Speaker-adaptive multimodal prediction model for listener responses

  • Authors:
  • Iwan de Kok;Dirk Heylen;Louis-Philippe Morency

  • Affiliations:
  • University of Twente, Enschede, Netherlands;University of Twente, Enschede, Netherlands;USC Institute for Creative Technologies, Los Angeles, USA

  • Venue:
  • Proceedings of the 15th ACM on International conference on multimodal interaction
  • Year:
  • 2013

Quantified Score

Hi-index 0.00

Visualization

Abstract

The goal of this paper is to analyze and model the variability in speaking styles in dyadic interactions and build a predictive algorithm for listener responses that is able to adapt to these different styles. The end result of this research will be a virtual human able to automatically respond to a human speaker with proper listener responses (e.g., head nods).
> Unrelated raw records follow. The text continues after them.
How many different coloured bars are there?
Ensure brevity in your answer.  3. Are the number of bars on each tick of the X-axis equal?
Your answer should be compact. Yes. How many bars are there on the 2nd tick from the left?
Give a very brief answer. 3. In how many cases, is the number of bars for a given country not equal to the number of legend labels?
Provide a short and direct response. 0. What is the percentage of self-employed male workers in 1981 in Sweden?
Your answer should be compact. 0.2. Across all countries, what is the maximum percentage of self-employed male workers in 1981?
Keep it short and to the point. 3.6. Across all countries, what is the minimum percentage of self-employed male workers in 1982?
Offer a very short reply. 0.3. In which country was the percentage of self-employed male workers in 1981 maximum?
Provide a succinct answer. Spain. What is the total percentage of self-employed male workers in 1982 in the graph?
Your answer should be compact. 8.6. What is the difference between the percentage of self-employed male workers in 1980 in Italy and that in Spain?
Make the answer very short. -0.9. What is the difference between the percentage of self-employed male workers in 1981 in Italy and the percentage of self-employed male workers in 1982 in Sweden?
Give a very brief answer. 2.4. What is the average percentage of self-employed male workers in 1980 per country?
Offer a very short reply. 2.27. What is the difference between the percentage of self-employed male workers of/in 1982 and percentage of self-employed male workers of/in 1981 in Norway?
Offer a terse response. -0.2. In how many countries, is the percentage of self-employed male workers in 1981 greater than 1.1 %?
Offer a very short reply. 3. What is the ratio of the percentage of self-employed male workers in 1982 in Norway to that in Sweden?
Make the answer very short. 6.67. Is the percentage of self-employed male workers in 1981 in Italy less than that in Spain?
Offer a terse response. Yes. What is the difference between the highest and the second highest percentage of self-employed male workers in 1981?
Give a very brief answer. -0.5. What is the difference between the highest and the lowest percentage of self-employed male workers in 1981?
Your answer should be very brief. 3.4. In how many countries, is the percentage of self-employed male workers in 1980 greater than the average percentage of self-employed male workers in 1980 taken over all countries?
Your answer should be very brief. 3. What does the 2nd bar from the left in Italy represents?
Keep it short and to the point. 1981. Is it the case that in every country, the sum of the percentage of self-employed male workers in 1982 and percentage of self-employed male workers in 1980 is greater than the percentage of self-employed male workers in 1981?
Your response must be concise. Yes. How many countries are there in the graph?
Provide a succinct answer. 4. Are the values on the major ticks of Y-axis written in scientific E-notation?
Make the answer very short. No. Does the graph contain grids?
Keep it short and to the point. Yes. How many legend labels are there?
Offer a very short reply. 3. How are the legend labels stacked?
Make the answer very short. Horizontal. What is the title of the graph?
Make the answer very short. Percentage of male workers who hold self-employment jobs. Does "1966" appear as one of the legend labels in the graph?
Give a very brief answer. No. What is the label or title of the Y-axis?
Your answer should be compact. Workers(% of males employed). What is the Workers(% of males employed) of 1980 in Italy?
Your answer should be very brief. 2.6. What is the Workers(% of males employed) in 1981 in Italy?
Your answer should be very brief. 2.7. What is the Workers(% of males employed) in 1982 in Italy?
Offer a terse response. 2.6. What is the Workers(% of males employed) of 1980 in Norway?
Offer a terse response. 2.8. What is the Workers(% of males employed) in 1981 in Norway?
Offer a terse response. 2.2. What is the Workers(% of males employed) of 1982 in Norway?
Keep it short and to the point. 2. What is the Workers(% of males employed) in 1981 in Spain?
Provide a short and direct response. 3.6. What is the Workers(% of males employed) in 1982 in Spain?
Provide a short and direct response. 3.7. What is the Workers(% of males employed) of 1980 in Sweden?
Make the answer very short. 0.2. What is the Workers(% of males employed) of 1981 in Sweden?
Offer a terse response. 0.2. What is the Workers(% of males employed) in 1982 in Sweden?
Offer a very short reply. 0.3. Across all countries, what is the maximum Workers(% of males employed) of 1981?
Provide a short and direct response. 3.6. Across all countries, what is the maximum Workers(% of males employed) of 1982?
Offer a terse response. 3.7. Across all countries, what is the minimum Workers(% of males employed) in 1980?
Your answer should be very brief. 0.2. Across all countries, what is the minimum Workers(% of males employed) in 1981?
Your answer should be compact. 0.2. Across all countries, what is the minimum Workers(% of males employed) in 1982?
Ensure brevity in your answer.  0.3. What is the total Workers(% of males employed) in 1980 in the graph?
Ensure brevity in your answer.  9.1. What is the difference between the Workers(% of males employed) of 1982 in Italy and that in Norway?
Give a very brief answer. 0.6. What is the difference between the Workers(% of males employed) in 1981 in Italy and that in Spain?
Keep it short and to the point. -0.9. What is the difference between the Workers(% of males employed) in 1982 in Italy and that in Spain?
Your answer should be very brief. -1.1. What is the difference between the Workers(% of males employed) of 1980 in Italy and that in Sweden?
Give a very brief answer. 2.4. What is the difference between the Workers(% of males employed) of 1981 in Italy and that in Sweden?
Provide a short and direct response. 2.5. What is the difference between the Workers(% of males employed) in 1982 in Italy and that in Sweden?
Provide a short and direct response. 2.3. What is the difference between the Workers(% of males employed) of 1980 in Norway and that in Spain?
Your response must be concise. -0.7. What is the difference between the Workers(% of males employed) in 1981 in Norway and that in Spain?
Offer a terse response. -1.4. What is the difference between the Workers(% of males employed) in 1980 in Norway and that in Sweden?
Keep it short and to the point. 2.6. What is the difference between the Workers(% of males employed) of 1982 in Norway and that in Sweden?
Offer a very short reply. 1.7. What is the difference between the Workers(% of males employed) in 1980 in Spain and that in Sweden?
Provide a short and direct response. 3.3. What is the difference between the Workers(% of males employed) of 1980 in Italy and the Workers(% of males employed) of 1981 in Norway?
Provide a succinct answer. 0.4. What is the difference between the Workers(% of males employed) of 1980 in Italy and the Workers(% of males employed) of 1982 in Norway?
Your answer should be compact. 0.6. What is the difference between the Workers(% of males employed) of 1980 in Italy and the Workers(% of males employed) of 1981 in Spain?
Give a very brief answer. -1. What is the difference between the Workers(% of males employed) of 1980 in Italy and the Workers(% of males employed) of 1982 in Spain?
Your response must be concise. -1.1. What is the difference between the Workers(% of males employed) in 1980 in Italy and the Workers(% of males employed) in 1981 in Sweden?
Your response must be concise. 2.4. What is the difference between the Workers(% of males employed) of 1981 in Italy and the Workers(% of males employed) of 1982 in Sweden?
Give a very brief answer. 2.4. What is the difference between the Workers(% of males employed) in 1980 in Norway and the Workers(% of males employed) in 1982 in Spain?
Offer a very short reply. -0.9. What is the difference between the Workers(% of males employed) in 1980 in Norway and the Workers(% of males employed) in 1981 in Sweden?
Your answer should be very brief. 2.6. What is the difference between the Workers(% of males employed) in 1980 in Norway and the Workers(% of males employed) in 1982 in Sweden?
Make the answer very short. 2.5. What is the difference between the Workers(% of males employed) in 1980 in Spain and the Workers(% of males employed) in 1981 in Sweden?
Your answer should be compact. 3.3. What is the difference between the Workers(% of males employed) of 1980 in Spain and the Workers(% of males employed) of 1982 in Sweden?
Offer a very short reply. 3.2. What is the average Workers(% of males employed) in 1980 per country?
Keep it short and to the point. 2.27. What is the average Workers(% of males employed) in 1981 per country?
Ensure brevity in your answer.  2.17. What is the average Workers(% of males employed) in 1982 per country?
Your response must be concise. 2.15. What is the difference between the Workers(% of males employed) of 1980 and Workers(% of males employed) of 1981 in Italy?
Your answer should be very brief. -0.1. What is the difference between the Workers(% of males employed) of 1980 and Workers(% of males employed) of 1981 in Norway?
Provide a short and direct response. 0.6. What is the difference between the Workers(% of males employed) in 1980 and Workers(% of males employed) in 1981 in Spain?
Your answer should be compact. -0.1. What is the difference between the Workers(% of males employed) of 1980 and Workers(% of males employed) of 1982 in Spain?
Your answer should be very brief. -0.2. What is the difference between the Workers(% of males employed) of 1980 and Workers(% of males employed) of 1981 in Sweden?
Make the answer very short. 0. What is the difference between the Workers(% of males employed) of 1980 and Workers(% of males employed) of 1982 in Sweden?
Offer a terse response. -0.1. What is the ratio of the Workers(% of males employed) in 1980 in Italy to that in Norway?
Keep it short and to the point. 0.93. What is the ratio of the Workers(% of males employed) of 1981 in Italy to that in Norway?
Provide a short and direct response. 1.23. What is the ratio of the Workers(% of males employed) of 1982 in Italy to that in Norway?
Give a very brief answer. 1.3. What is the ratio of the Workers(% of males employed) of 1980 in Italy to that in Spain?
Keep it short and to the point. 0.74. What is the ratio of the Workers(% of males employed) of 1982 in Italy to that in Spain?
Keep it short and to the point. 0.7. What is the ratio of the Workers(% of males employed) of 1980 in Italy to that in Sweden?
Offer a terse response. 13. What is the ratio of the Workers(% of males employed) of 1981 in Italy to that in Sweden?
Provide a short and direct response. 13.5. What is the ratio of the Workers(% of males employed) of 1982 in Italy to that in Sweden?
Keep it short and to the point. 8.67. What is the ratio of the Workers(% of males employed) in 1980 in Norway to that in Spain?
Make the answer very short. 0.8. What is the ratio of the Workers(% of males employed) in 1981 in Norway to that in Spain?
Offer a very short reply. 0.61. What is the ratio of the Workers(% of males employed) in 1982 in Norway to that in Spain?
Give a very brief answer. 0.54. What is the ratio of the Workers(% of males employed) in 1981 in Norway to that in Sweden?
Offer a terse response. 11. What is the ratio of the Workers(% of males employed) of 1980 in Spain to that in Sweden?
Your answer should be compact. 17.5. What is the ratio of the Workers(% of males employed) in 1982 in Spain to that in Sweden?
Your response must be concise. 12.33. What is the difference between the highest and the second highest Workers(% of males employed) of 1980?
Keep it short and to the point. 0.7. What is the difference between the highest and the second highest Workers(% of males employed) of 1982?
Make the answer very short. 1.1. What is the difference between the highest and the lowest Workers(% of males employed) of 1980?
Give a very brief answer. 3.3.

Our novel speaker-adaptive prediction model is created from a corpus of dyadic interactions where speaker variability is analyzed to identify a subset of prototypical speaker styles. During a live interaction our prediction model automatically identifies the closest prototypical speaker style and predicts listener responses based on this ``communicative style". Central to our approach is the idea of ``speaker profile" which uniquely identifies each speaker and enables the matching between prototypical speakers and new speakers. The paper shows the merits of our speaker-adaptive listener response prediction model by showing improvement over a state-of-the-art approach which does not adapt to the speaker. Besides the merits of speaker-adapta-tion, our experiments highlights the importance of using multimodal features when comparing speakers to select the closest prototypical speaker style.